- Opening Delimiter -

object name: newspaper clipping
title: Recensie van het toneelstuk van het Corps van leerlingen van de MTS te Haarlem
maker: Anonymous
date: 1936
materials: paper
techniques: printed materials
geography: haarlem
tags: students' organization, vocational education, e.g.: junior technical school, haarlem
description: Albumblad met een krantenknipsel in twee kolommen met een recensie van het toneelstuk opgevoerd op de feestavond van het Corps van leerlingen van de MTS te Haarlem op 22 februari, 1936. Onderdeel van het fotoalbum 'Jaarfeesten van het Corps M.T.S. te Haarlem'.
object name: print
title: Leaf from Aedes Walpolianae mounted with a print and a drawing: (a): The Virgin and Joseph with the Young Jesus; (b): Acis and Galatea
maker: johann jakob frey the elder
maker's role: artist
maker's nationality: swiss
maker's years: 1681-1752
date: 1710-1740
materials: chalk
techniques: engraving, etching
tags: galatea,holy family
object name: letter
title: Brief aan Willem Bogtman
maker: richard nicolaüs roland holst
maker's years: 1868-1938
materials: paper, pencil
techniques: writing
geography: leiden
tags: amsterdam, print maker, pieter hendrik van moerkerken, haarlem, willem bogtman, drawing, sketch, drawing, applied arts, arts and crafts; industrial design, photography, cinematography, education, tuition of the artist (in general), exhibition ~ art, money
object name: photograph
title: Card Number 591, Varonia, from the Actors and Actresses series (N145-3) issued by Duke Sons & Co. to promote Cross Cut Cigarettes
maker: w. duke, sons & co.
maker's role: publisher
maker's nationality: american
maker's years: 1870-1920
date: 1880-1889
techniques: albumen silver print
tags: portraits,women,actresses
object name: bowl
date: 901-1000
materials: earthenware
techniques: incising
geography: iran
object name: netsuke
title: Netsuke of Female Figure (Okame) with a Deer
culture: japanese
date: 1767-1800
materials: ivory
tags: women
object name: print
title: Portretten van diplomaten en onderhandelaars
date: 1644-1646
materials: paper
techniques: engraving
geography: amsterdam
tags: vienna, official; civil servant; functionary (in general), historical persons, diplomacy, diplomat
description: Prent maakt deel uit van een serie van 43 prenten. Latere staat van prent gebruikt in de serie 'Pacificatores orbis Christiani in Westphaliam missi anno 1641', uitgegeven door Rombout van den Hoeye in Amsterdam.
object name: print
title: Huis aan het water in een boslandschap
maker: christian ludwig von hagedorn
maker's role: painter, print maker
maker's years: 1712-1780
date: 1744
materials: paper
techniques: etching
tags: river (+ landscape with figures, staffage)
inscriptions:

- Closing Delimiter -

WHAT THIS TASK INVOLVES - Please copy the lines above from the line with "date: 901-1000" up to and including the line with "geography: amsterdam", exactly as written and with nothing else.

FINISHED TASK -
date: 901-1000
materials: earthenware
techniques: incising
geography: iran
object name: netsuke
title: Netsuke of Female Figure (Okame) with a Deer
culture: japanese
date: 1767-1800
materials: ivory
tags: women
object name: print
title: Portretten van diplomaten en onderhandelaars
date: 1644-1646
materials: paper
techniques: engraving
geography: amsterdam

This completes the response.